We can see that movies' ratings for men and women closely follow each other. But can we find any serious disagreements between the two groups of people?

## Disagreement between men and women regarding movie ratings

In [39]:
mean_ratings['diff'] = mean_ratings['M'] - mean_ratings['F']
sorted_by_diff = mean_ratings.sort_values(by='diff')
sorted_by_diff.head(10)

gender,F,M,diff
title,Unnamed: 1_level_1,Unnamed: 2_level_1,Unnamed: 3_level_1
Pet Sematary II (1992),2.833333,1.858696,-0.974638
Cutthroat Island (1995),3.2,2.34127,-0.85873
Dirty Dancing (1987),3.790378,2.959596,-0.830782
Air Bud (1997),3.057143,2.233766,-0.823377
Home Alone 3 (1997),2.486486,1.683761,-0.802726
"To Wong Foo, Thanks for Everything! Julie Newmar (1995)",3.486842,2.795276,-0.691567
Jumpin' Jack Flash (1986),3.254717,2.578358,-0.676359
Orlando (1993),3.862745,3.190476,-0.672269
Spy Hard (1996),3.125,2.472527,-0.652473
Dracula: Dead and Loving It (1995),2.892857,2.25,-0.642857


These 10 movies caused the biggest disparity in ratings - they are higher rated by women than by men. 

In [40]:
sorted_by_diff[::-1][:10]  # reversing the list we get the top 10 movies, more favorably rated by men as opposed to women.

gender,F,M,diff
title,Unnamed: 1_level_1,Unnamed: 2_level_1,Unnamed: 3_level_1
Friday the 13th Part V: A New Beginning (1985),1.272727,2.165049,0.892321
Friday the 13th Part VI: Jason Lives (1986),1.5,2.291667,0.791667
Lifeforce (1985),2.25,2.994152,0.744152
Marked for Death (1990),2.1,2.837607,0.737607
Quest for Fire (1981),2.578947,3.309677,0.73073
"Good, The Bad and The Ugly, The (1966)",3.494949,4.2213,0.726351
No Escape (1994),2.3,2.994048,0.694048
"Kentucky Fried Movie, The (1977)",2.878788,3.555147,0.676359
Your Friends and Neighbors (1998),2.888889,3.536585,0.647696
Tora! Tora! Tora! (1970),3.090909,3.737705,0.646796


The top ones include some horror and classic films.

## Movies with the highest deviation between the ratings across all users.
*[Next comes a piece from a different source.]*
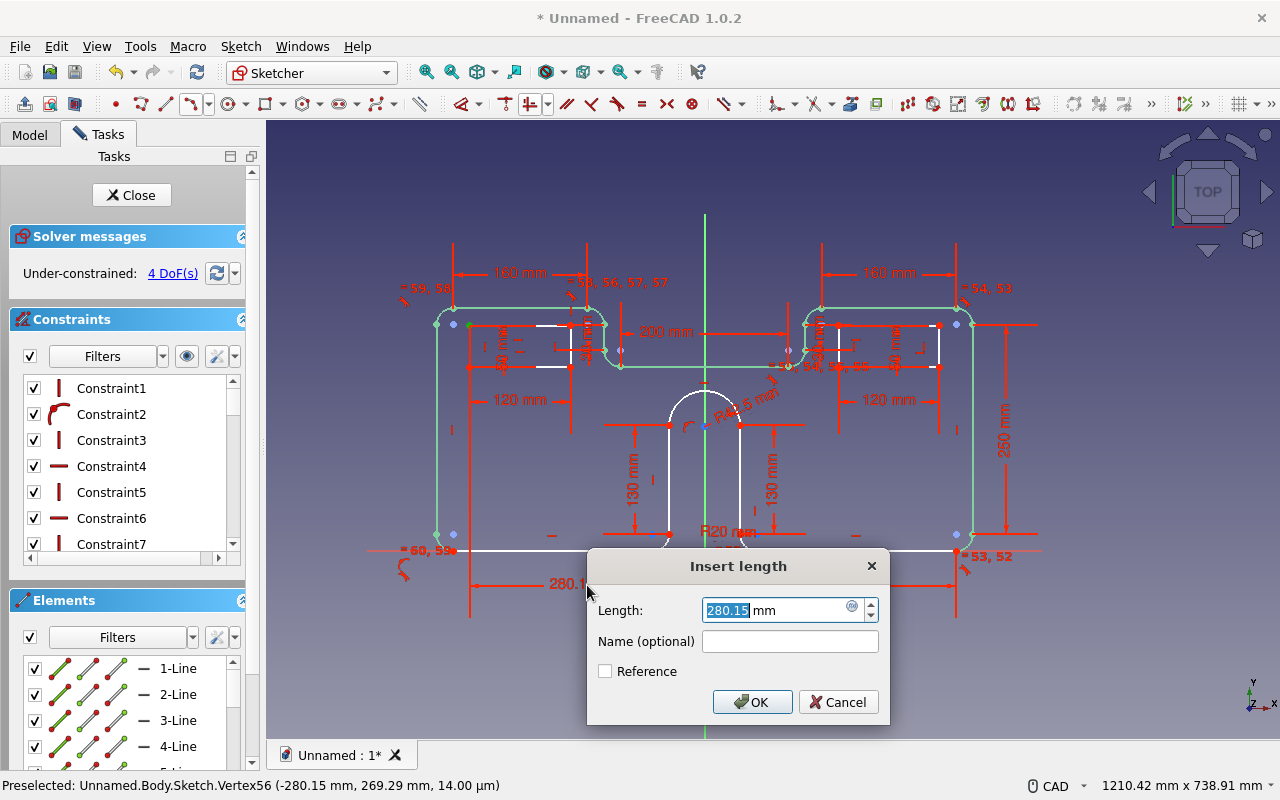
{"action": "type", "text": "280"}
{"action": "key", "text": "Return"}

Ignoring the gender division, we'll see what movies had demosntrated the highest standard deviation.

In [52]:
rating_std_by_title = data.groupby('title')['rating'].std() # standard deviation for ratings

In [53]:
rating_std_by_title = rating_std_by_title.loc[active_titles]

In [54]:
rating_std_by_title.sort_values(ascending=False)[:10] 

title
Plan 9 from Outer Space (1958)                    1.455998
Beloved (1998)                                    1.372813
Godzilla 2000 (Gojira ni-sen mireniamu) (1999)    1.364700
Texas Chainsaw Massacre, The (1974)               1.332448
Dumb & Dumber (1994)                              1.321333
Crash (1996)                                      1.319636
Blair Witch Project, The (1999)                   1.316368
Natural Born Killers (1994)                       1.307198
Down to You (2000)                                1.305310
Cemetery Man (Dellamorte Dellamore) (1994)        1.300647
Name: rating, dtype: float64

These are top 10 films that were rated with the highest variability.